Lastly, we have long context. This is critical, as I mentioned earlier, for things like document processing. If you have tens, twenties, or hundreds of documents with 100-page documents, they could really consume a large amount of context. The same goes for things like video as well. This can take up to 90 minutes of video, which is pretty long for a larger video file. The model is able to reason over it and understand it. We'll continue to work on innovating in this space and try to extend the context so that you can build these complex agentic workflows and leverage these capabilities.
Here's a great use case where long context becomes useful. Nova 2 is building a web app for a real estate agent using Claude. We give it a prompt to build the app, and you can see it's generating code and the multiple files needed to make the app functional. Once complete, we can then launch the app.
So you can see the created plan go through and generate code. Once complete, it will launch the app, and this is now completed, so it will run the command to actually launch the app. Then we should see the resulting webpage. This is the first iteration, and it has created a basic CRM system with property listings. Pretty good job on a first pass, but what is powerful is that you can keep iterating in multiple turns and use that long context to really get the outcome you are looking for.
Here are a couple of customers who have tried Nova 2 that I want to walk through. Siemens has been trying to use it to improve search, and they have said that Nova 2 Lite is up to three times faster than other models while still offering the high quality responses that their specific application needs. Again, the speed and cost efficiency really come into play here. Next we have Trellix, who has been using our Nova 1 family. They specifically were using Nova 1 Lite, and for them, Nova 2 no longer has any failures in tool calling. They have achieved a 39 percent improvement in threat classification and over three times more detailed responses with better technical analysis. It is really great to see how these models are moving from the first generation and how customers are continuing to get value and scale these things into production.
Real-World Evaluation Methodology: Moving Beyond Academic Benchmarks
I am going to hand it over to Ryan now, who will talk a bit more about real world use cases. Thanks for that. Can you guys hear me okay? Yeah, so I am Ryan. I lead a solutions architecture team within our AGI organization. I have been working on the Nova model family for the last two years. One of the things we learned, and I hear a lot from customers, is that many of these model providers, us included, last year worked pretty well at the benchmarks, but when people try to use these things on some of the problems that mattered the most to them, the model did not always work or it took a lot of extra work to make it work for those use cases.
We started this effort to really get a set of evals that was outside of the academic benchmarks that you see on the marketing slides and really modeled after the kinds of use cases that you are all building for your enterprises. I am going to talk a little bit about our mental model for that and we will talk through an example here. I have talked to most of this, but we start by really working with our customers. A lot of these are internal to Amazon, but also folks, maybe some here in the room. We work to understand that use case and what that means. What are you trying to accomplish with the model?

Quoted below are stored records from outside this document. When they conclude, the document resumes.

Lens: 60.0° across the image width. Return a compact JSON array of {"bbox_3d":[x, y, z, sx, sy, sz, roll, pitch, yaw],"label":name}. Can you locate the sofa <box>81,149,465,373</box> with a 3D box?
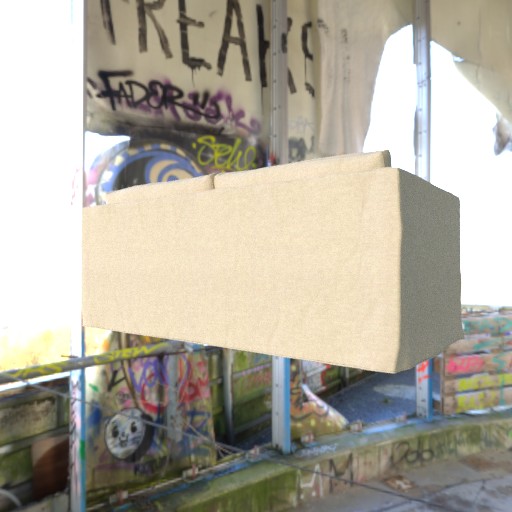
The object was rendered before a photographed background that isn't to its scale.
[{"bbox_3d":[0.000,0.000,2.449,1.959,0.835,0.962,-1,-1,37],"label":"sofa"}]
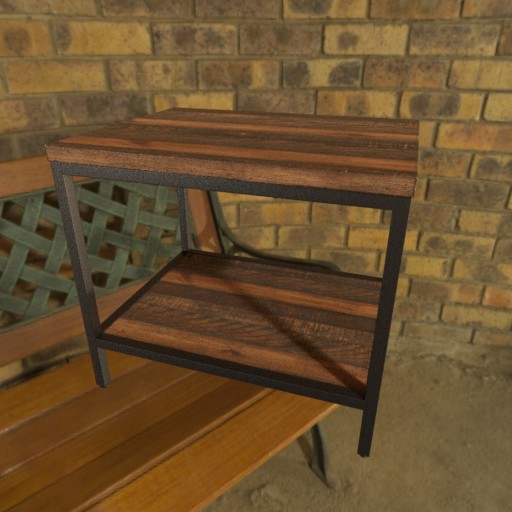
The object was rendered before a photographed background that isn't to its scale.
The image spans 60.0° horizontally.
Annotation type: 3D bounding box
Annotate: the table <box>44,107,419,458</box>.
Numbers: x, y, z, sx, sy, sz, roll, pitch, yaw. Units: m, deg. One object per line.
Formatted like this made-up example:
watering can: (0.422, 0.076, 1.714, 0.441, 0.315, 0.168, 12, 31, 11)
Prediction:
table: (0.000, 0.000, 1.106, 0.678, 0.612, 0.524, 8, 28, 17)
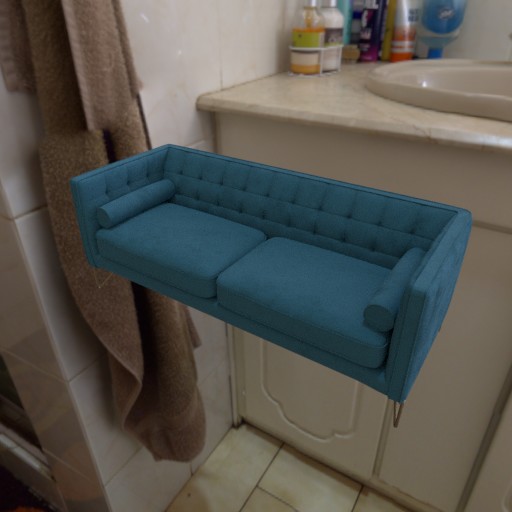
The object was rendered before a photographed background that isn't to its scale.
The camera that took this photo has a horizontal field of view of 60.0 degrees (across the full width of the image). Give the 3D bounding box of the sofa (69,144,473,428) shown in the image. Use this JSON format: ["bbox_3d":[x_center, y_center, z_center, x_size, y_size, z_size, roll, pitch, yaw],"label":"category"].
[{"bbox_3d":[0.000,0.000,2.573,2.087,0.789,0.867,19,36,28],"label":"sofa"}]

Then we build eval sets. We either get data from our customer or partner, we procure it, and then we run these things continuously every day, sometimes every night, once a week, or once a month, depending on the eval set. We run these to see how the models that we are building are performing, and then we use that to improve the data that we train with as well as the prompts that we use for the applications that we are building ourselves or helping our customers build.
We will dig in here and talk a little bit about the process. I have had the opportunity to talk to dozens or hundreds of customers over the last couple of years, and a lot of people do not necessarily know how to do this. We start by understanding what that business problem is. What are the dimensions that matter? What is the rubric that the subject matter expert that you are building that application with cares about? What are the dimensions over which the data will vary from the user base? Maybe there are four or five different categories within the prompts that are going into the system. Maybe there are ten or fifteen different tools that need to be used. All those things are really critical that you understand at the outset here.
Then we either collect prompt and response data, which we call traces. We collect that data. In some cases, we use the understanding of the business problem in order to synthesize that data or procure it from a vendor. Then we run those evals, and we analyze the output of the model and code the failure modes. We will talk about this in a little bit more detail here on the next slide. Then we measure that by building metrics. As often as we can, we use programmatic metrics to do that. Other techniques, like LLM as judge, everybody has heard about. Then as we get those metrics instrumented properly, we continue to refine the data, the metrics, and the prompts that we are using in order to run these evals.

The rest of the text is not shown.